** Activity **
Give the number of lines in the data that contain "item", and nothing more.

Dataset excerpts
-------------------------
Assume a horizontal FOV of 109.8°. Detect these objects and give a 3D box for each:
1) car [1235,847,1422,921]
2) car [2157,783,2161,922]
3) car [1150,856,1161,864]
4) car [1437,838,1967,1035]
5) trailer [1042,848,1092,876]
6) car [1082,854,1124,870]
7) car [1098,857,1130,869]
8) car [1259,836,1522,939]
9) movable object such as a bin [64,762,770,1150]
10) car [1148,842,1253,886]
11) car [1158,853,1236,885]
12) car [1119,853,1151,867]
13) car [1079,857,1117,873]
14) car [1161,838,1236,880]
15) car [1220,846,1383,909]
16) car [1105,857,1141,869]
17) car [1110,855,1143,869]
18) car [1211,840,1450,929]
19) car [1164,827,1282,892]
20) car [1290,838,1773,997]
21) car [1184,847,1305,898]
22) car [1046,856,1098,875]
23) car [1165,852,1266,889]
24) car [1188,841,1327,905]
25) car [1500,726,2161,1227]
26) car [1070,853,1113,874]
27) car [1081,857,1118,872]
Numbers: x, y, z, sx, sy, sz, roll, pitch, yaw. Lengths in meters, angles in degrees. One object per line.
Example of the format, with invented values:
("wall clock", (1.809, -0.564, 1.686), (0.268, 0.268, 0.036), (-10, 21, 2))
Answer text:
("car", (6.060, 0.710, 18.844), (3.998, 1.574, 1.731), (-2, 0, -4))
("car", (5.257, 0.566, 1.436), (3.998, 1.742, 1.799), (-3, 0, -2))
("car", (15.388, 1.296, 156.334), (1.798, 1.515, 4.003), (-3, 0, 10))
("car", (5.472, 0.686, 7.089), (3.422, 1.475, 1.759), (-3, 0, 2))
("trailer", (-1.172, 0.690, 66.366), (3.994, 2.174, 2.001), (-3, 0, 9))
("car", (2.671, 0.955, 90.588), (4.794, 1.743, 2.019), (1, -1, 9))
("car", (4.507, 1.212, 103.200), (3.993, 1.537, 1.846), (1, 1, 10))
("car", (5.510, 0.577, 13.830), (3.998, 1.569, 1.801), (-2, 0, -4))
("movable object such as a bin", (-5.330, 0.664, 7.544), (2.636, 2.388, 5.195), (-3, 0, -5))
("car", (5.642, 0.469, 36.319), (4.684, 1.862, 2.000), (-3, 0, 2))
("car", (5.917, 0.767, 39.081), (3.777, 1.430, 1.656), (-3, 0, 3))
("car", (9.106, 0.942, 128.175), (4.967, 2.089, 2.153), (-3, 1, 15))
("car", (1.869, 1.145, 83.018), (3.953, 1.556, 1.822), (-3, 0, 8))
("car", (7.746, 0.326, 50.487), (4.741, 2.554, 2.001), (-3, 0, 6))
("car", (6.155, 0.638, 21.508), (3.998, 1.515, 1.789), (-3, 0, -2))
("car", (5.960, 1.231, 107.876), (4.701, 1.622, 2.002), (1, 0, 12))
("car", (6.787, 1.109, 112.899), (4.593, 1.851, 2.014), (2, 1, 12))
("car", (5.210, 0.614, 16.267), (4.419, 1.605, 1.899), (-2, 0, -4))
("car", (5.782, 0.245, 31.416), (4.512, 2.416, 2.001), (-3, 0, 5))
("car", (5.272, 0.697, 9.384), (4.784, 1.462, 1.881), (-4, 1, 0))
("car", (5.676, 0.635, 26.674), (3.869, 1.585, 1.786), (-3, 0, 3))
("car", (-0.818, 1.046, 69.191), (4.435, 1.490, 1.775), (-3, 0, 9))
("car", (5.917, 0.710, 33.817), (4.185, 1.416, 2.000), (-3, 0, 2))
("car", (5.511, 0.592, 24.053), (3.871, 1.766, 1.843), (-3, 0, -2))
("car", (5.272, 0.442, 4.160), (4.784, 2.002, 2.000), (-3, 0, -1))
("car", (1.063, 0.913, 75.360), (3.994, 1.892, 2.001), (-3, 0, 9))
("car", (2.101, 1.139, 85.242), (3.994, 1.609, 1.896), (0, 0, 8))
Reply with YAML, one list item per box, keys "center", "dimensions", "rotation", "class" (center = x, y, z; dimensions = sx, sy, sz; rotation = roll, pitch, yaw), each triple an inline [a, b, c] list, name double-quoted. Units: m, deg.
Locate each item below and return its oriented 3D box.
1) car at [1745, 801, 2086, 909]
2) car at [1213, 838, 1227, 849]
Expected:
-------------------------
** Response to the exercise **
2